In questi giorni e in queste ore il nostro pensiero non può non andare all'Ucraina, a chi è vittima di violenza e ciò che abbiamo imparato dovrebbe indicarci con chiarezza una lezione fondamentale: non esistono giustificazioni per gli aggressori. E allora questi cinquant' anni non sono passati invano, il nostro Paese, almeno da quel punto di vista, è migliore e ha imparato qualcosa.
Così oggi possiamo ricordare Luigi Calabresi per quello che era, pulito da calunnie e campagne diffamatorie. Era un giovane funzionario di polizia, venne ucciso a soli 34 anni, (io oggi ne ho ben 18 più di lui) che amava profondamente il suo lavoro. Lo interpretava come una missione, pensava che il dialogo fosse l'arma migliore, tanto che girava senza pistola.
L'arma la teneva a casa, smontata, nel cassetto dei maglioni a collo alto.
Pensava che si dovessero usare tutta la pazienza e il tempo possibili per convincere i ragazzi a lasciare la strada della violenza, pensava che ci fossero i cattivi maestri nelle università e fuori dalle fabbriche, ma era anche convinto che all'interno dello Stato per cui lavorava ci fosse chi soffiava sui conflitti e tramava per favorire svolte autoritarie.
Restò fino alla fine fedele ai suoi principi e ai suoi valori e scelse, consapevolmente, di non scappare anche quando il clima era diventato pesantissimo e l'aria, intorno a lui, irrespirabile.
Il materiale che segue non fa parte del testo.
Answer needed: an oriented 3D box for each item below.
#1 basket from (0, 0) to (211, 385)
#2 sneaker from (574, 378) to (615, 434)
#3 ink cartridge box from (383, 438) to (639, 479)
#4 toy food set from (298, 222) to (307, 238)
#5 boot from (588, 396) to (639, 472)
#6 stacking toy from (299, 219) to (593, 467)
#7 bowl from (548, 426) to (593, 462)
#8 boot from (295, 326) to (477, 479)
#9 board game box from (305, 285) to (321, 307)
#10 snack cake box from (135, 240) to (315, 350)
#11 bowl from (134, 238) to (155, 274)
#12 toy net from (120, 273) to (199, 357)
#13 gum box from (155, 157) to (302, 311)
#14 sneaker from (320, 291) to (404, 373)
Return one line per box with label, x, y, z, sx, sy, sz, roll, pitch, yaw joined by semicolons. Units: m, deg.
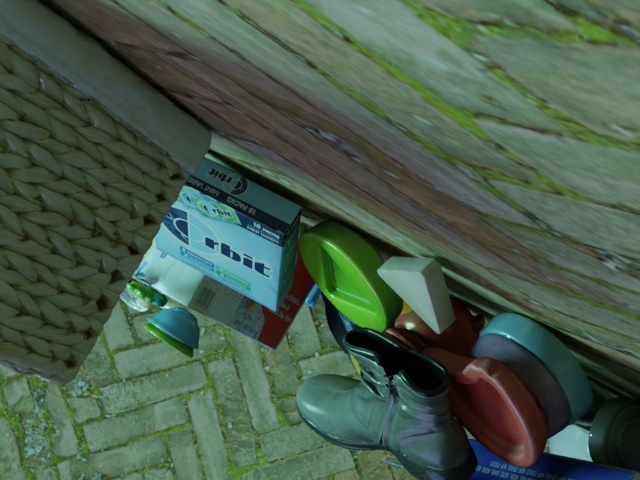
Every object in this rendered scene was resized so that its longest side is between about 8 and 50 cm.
basket;-0.331;-0.082;0.995;0.328;0.266;0.331;24;175;30
sneaker;0.276;0.172;1.454;0.192;0.064;0.086;27;167;6
ink cartridge box;0.275;0.270;1.305;0.307;0.072;0.304;24;167;-26
toy food set;0.000;0.000;1.434;0.122;0.019;0.078;14;168;38
boot;0.415;0.250;1.399;0.123;0.095;0.258;12;171;42
stacking toy;0.132;0.074;1.247;0.309;0.130;0.279;16;141;57
bowl;0.496;0.391;2.035;0.298;0.134;0.298;29;175;3
boot;0.055;0.148;1.259;0.247;0.083;0.161;18;139;43
board game box;-0.181;0.006;2.292;0.390;0.050;0.390;28;175;8
snack cake box;-0.104;0.032;1.549;0.089;0.152;0.264;27;174;28
bowl;-0.240;-0.011;1.832;0.289;0.156;0.289;27;175;3
toy net;-0.220;0.075;1.493;0.122;0.045;0.232;33;176;-24
gum box;-0.101;-0.012;1.276;0.157;0.041;0.184;27;154;10
sneaker;0.082;0.109;1.723;0.139;0.125;0.341;55;-178;8

Sono passati cinquant' anni ed è venuto il momento di consegnare quel tempo alla Storia e alla memoria privata ma, se tanto è stato fatto - nel nostro caso come in molti altri abbiamo avuto il conforto della Giustizia dello Stato - alcune tessere del mosaico ancora mancano.
paolo e mario calabresi con la madre gemma
Molti degli uomini e delle donne che hanno ucciso, che hanno aiutato ad organizzare, che hanno sostenuto, fiancheggiato e che sanno, sono ancora tra noi. Da mezzo secolo però si sono rifugiati nel silenzio, in un silenzio che è omertà. Continuo a pensare che il coraggio della verità sarebbe per loro un'occasione irripetibile e finale di riscatto. Il gesto che permetterebbe di chiudere definitivamente una stagione e a noi di ricordare non solo il poliziotto, ma l'uomo che tornava a casa nel cuore della notte e si metteva a fare le crostate per la colazione della mattina dopo.